La destruction du Secteur au nom d’une pseudoscience instaurant une conception déshumanisée de la personne :
- Une conception hégémonique déshumanisante de la psychiatrie centrée exclusivement sur la dimension biologique de l’humain, récusant ses dimensions sociale et psychique, s’appuyant sur une instrumentalisation caricaturale des neurosciences
- Entrainant un soin standardisé au service d’une psychiatrie normalisatrice et sécuritaire
- Et aboutissant à un manque d’attractivité des professions pour les différents acteurs de la santé mentale
L’inscription de la psychiatrie dans la destruction du système public de santé :
- L’inscription dans le parcours de soins par le recours au médecin généraliste organise la rupture du soin et l’exclusion du dispositif de soin spécifique au travers du séquençage de la maladie entre périodes de crise et de rémission et la segmentation des prises en charge ; la psychiatrie ne s’occupe alors que de la crise et de l’immédiat postcure y compris en Centre médico-psychologique et en CATTP, le suivi au long cours relevant du médecin généraliste pour le renouvellement trimestriel du traitement.

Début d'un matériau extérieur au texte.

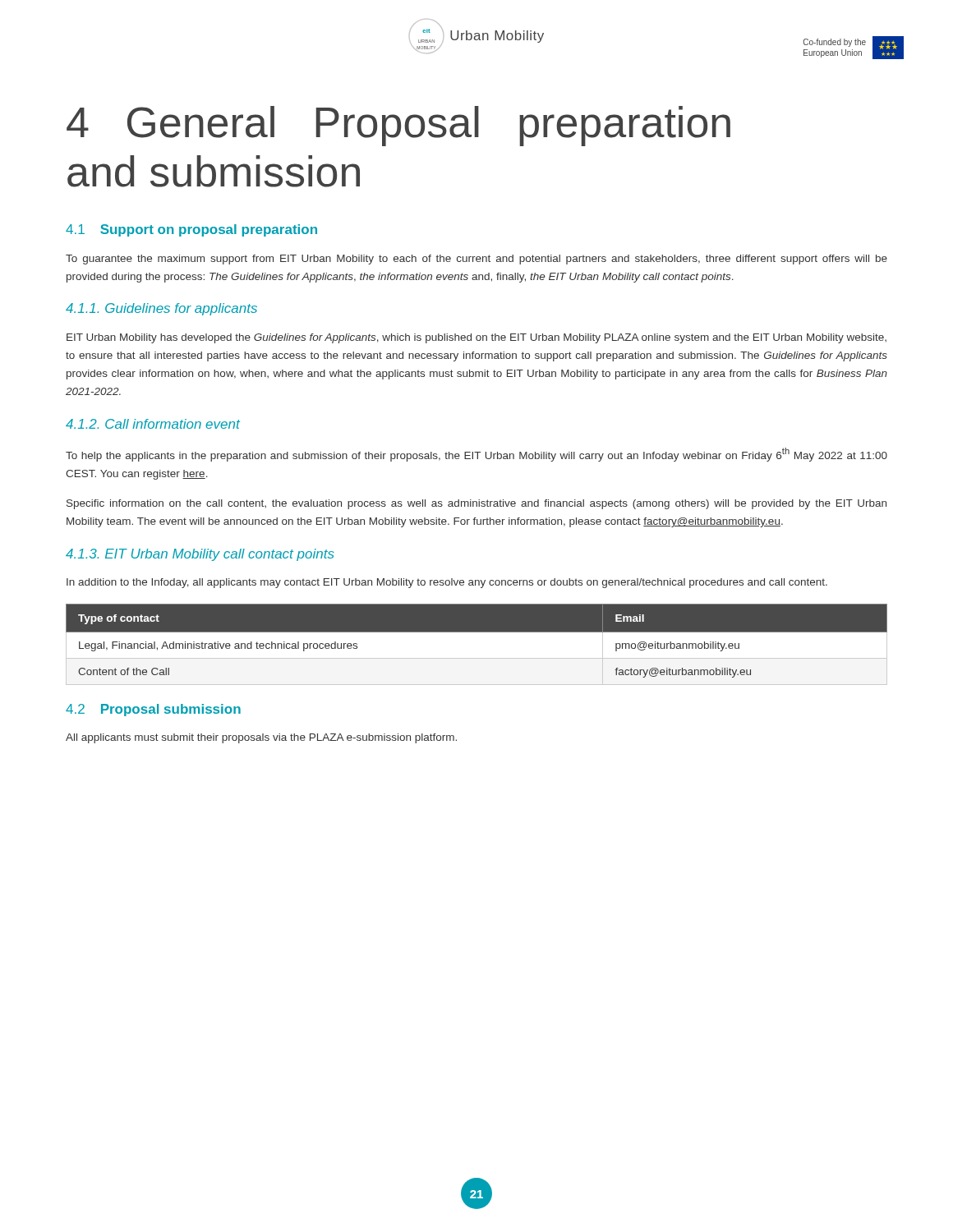Find the logo
The height and width of the screenshot is (1232, 953).
pos(476,36)
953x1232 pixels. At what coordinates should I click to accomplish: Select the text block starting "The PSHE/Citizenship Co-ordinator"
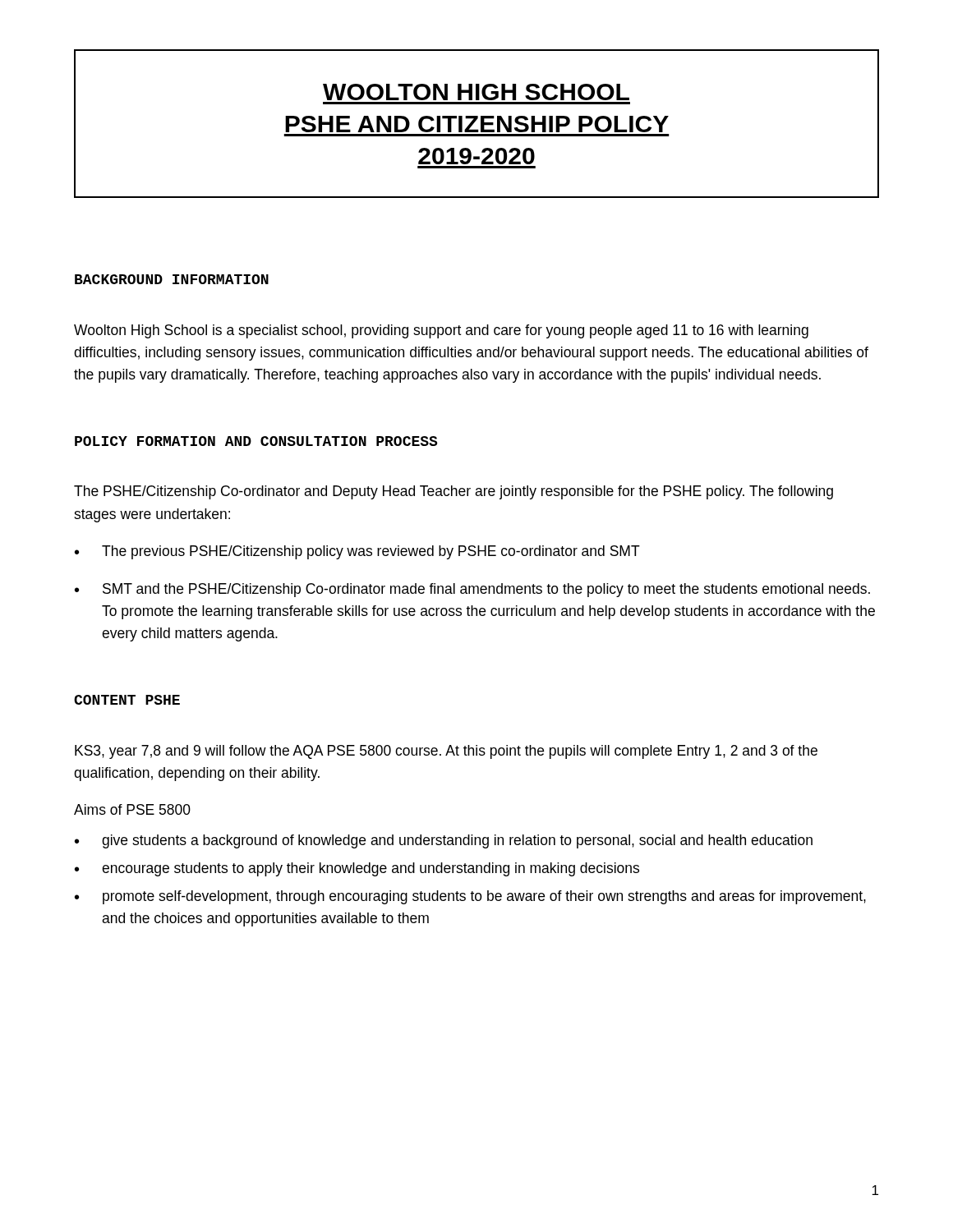point(476,503)
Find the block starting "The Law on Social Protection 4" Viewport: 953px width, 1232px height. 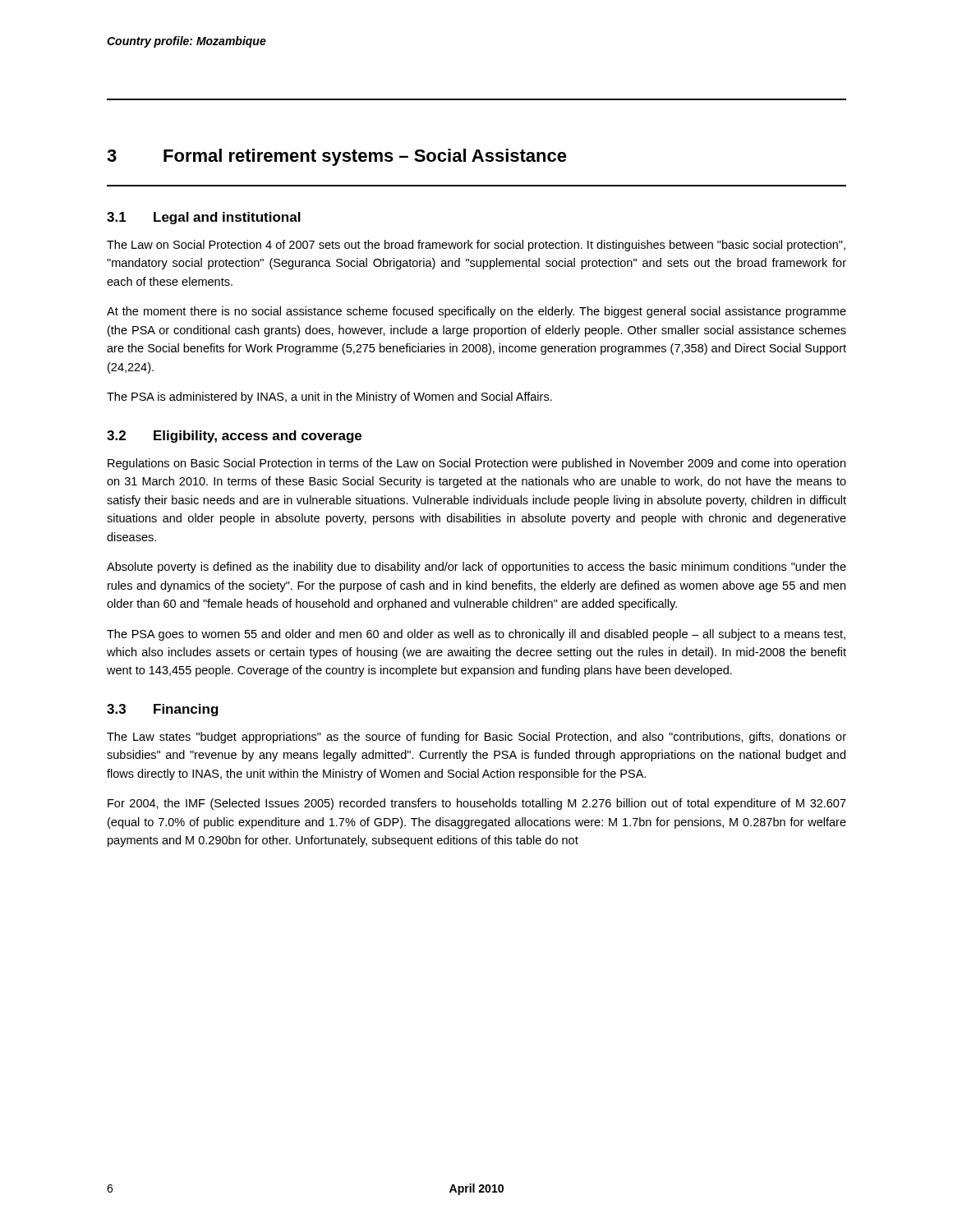pyautogui.click(x=476, y=263)
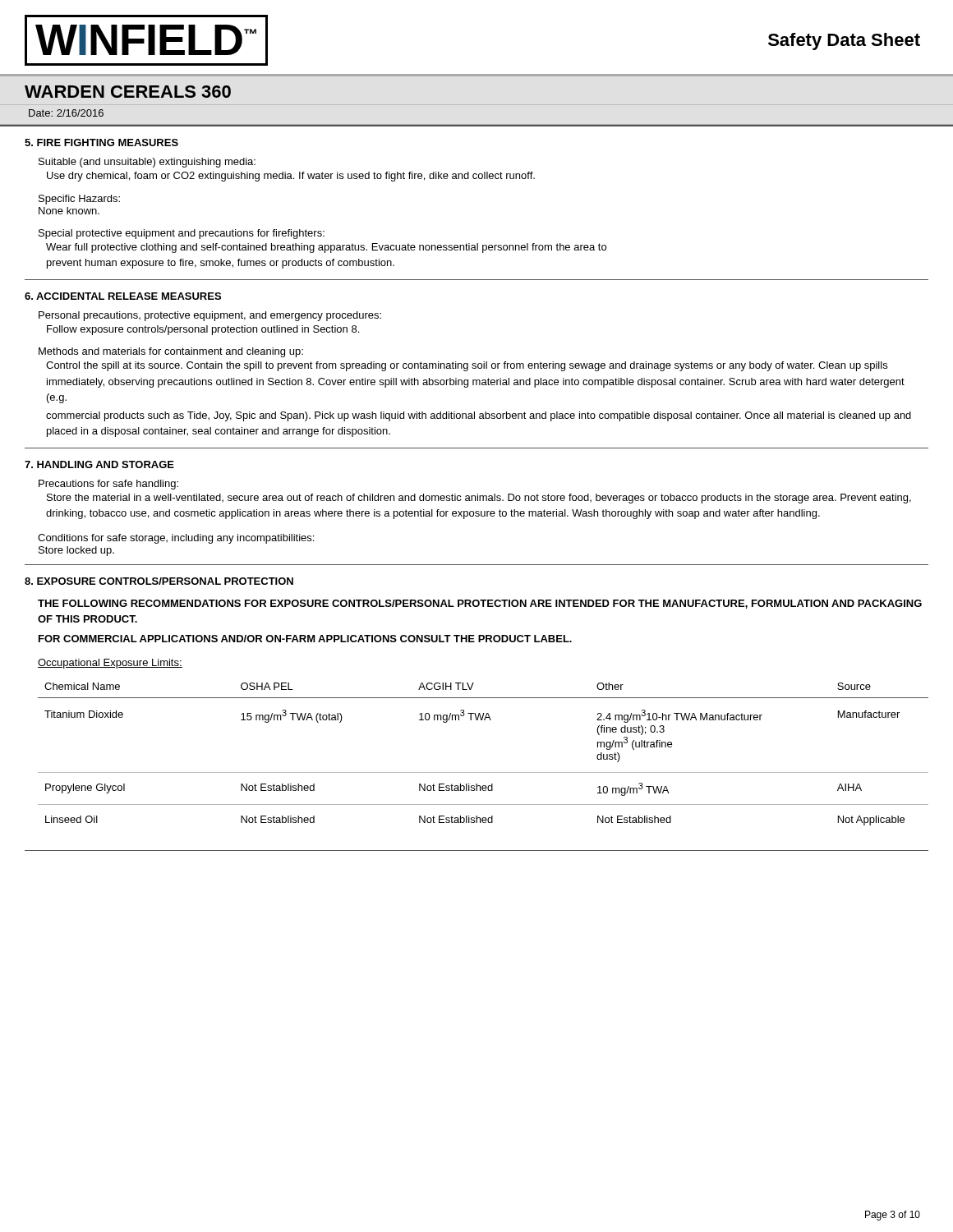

On recourt au social (Groupement d’entraide mutuelle,…) ou du médicosocial (FAM, …) s’il faut un étayage supplémentaire.
- Depuis le Covid et la catastrophe sanitaire du point de vue de la santé mentale, les seules mesures positives ne concernant que le remboursement de certaines consultations de psychologues libéraux et les autorisations d’ouverture de structures pour le privé lucratif, aucun moyen supplémentaire pour le Secteurs, au contraire, les fusions se poursuivent ainsi que les fermetures de structures ambulatoires
Notre action politique :
- Comment œuvrer politiquement pour imposer une approche prenant en compte la complexité des dimensions biopsychosociales ?
- Partons d’un dispositif récemment mis en place par les collectivités locales en lien avec l’Etat et les ARS : le Conseil Local de Santé Mentale. Ce pourrait être un levier pour rassembler et organiser la défense d’un soin de qualité pour tous sur le territoire. Notamment avec les autres acteurs de terrain (généralistes, social, médicosocial, groupement d’entraide mutuelle (GEM), associations de patients et de familles). Le CLSM pourrait devenir un espace de démocratie locale avec les citoyens, organisant régulièrement des débats citoyens sur ces sujets au travers de différentes initiatives (film, débat,…) pas uniquement lors de la Semaine d’Information en Santé Mentale.
La nécessité d’une Loi cadre de refondation du Secteur :
- Une simple augmentation des moyens du Secteur si elle est primordiale ne suffira pas à renouer avec une psychiatrie humaine.
- La nécessité d’une Loi Cadre de refondation du Secteur
- Tout projet de regroupement d’un équipement du Secteur (CMP, CATTP, hôpital de jour) ou d’établissements (GH) devra recevoir l’accord préalable des équipes professionnelles et des représentants des usagers
- La proposition de Loi communiste (2019) est une base pour cette Loi cadre, impliquant la reconnaissance de la psychiatrie comme une discipline médicale spécifique et non une spécialité de la médecine et le retour à une formation spécifique (comprenant l’étude de la psychogenèse, de la sociogenèse et de la biogenèse) pour tous les professionnels (Médecins, Infirmiers, Psychologues…) exerçant en psychiatrie.